▸ **WHAT THIS TASK INVOLVES**
For each line of the data below that contains "pixels", return that line.

===== RECORDS TO USE

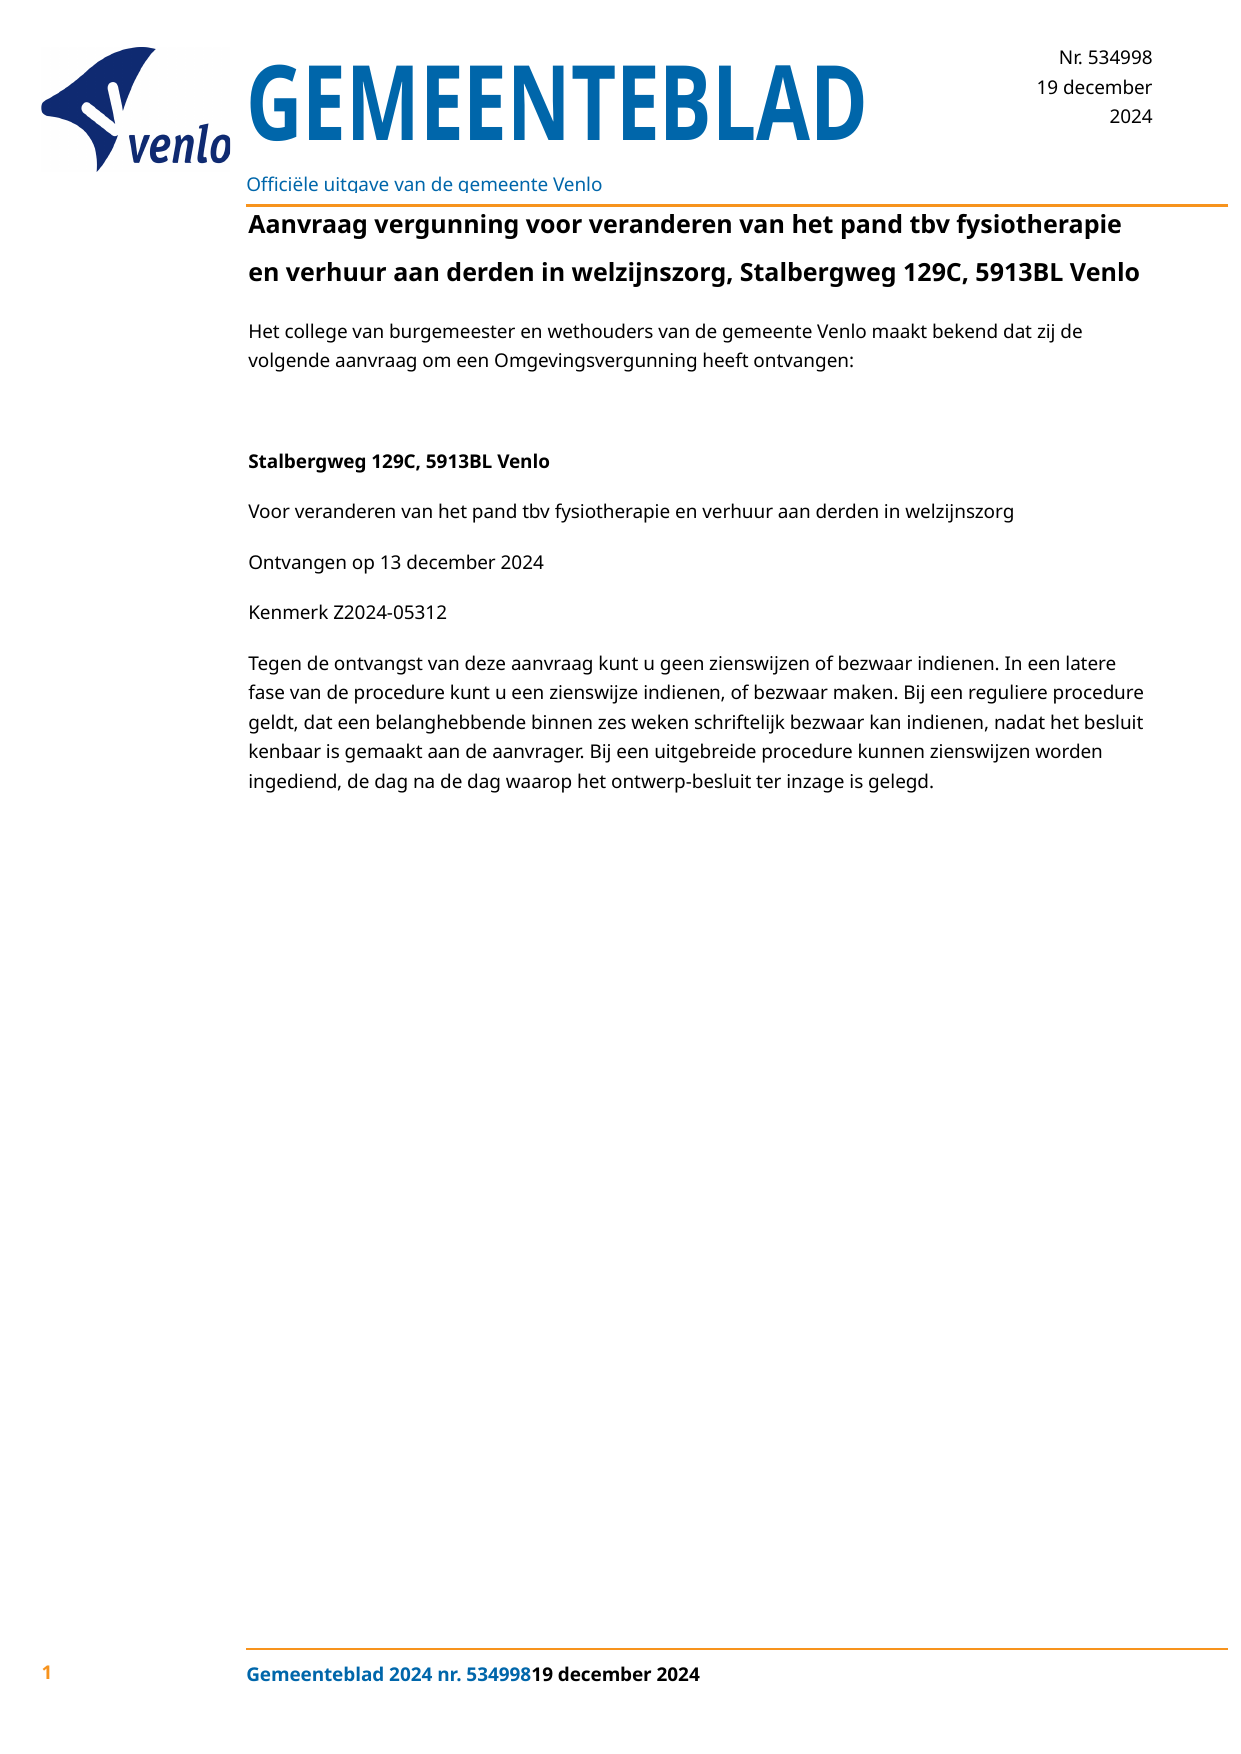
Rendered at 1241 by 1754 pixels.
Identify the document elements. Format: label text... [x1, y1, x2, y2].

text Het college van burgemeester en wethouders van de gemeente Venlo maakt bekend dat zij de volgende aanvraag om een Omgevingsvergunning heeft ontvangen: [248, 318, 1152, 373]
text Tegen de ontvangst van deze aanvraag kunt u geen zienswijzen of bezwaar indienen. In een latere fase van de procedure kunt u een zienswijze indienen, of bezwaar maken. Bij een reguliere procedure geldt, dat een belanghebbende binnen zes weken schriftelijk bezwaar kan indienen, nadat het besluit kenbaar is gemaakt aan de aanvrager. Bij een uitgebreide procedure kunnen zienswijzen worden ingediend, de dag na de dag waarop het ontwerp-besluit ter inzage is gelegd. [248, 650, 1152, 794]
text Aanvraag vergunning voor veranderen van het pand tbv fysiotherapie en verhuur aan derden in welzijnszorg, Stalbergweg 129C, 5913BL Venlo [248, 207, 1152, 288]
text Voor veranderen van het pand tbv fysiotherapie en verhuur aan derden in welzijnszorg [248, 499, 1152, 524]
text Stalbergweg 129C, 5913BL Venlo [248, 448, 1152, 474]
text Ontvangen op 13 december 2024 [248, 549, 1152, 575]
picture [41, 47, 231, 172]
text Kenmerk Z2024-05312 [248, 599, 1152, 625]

==========
===== RECORDS TO USE

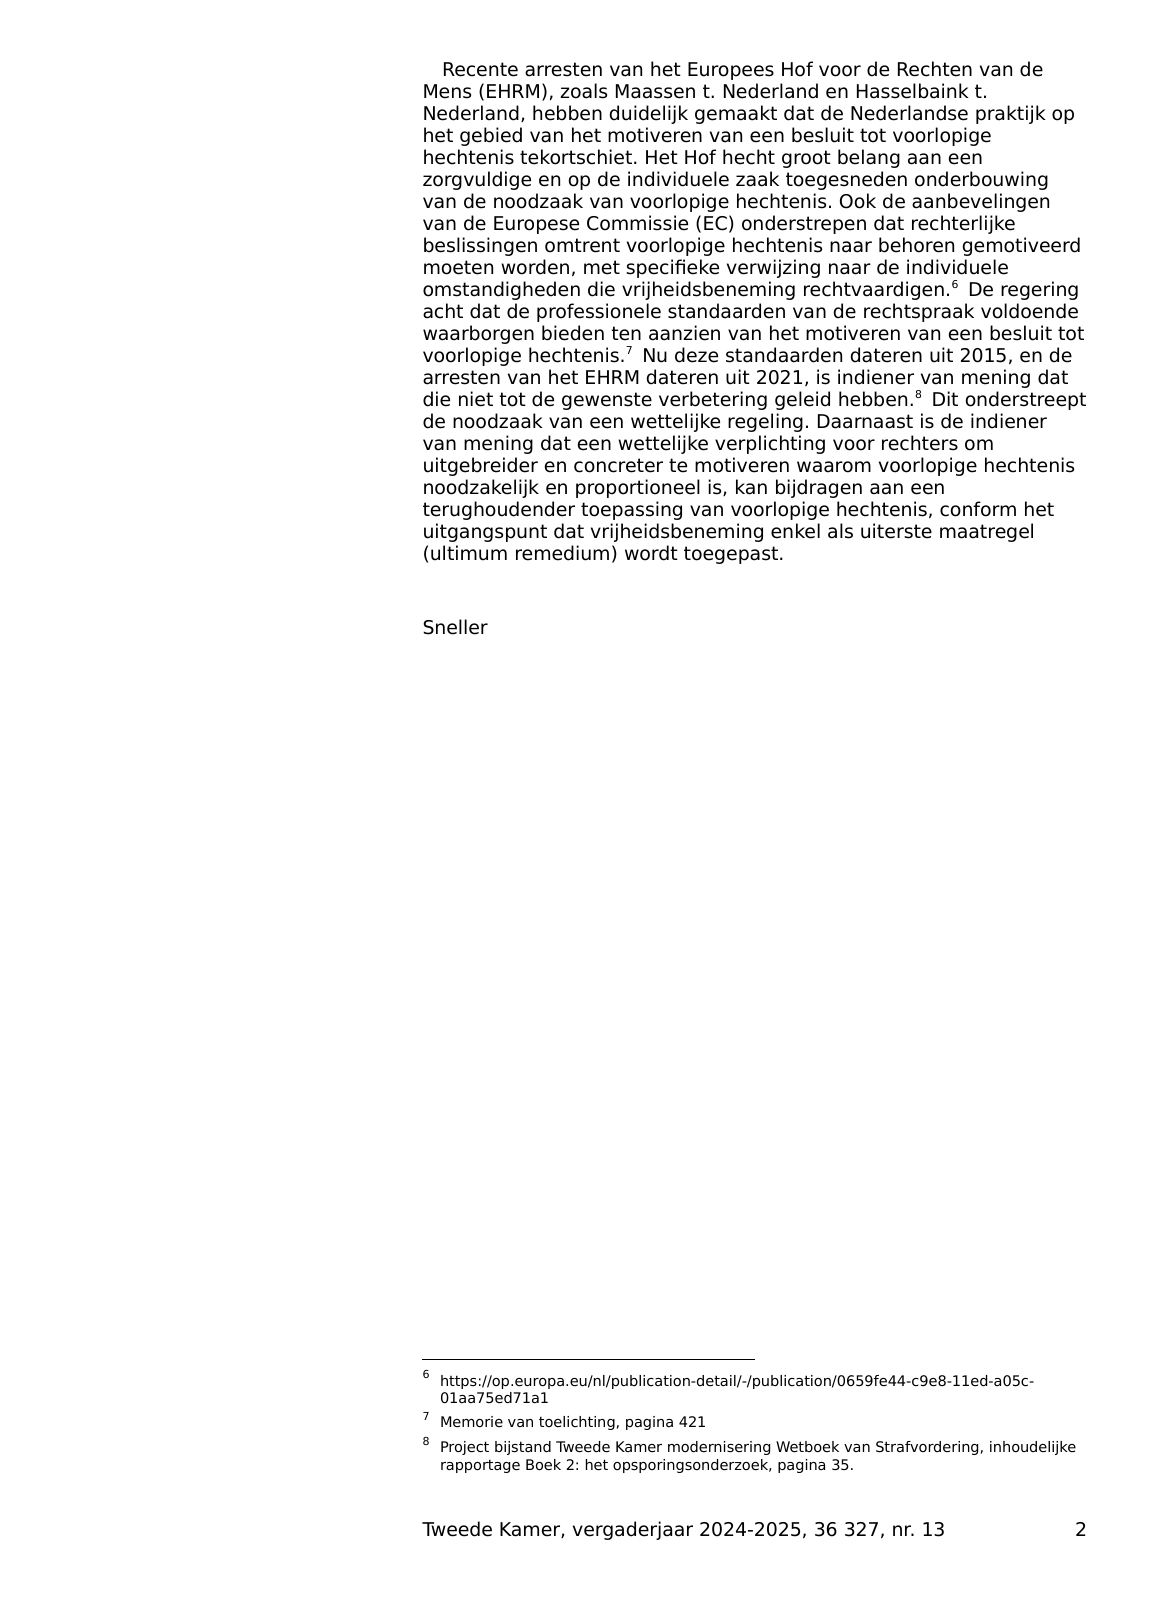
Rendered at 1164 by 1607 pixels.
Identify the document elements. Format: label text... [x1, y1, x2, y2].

==========

▸ **WRITTEN REPLY**
Rendered at 1241 by 1754 pixels.
Rendered at 1164 by 1607 pixels.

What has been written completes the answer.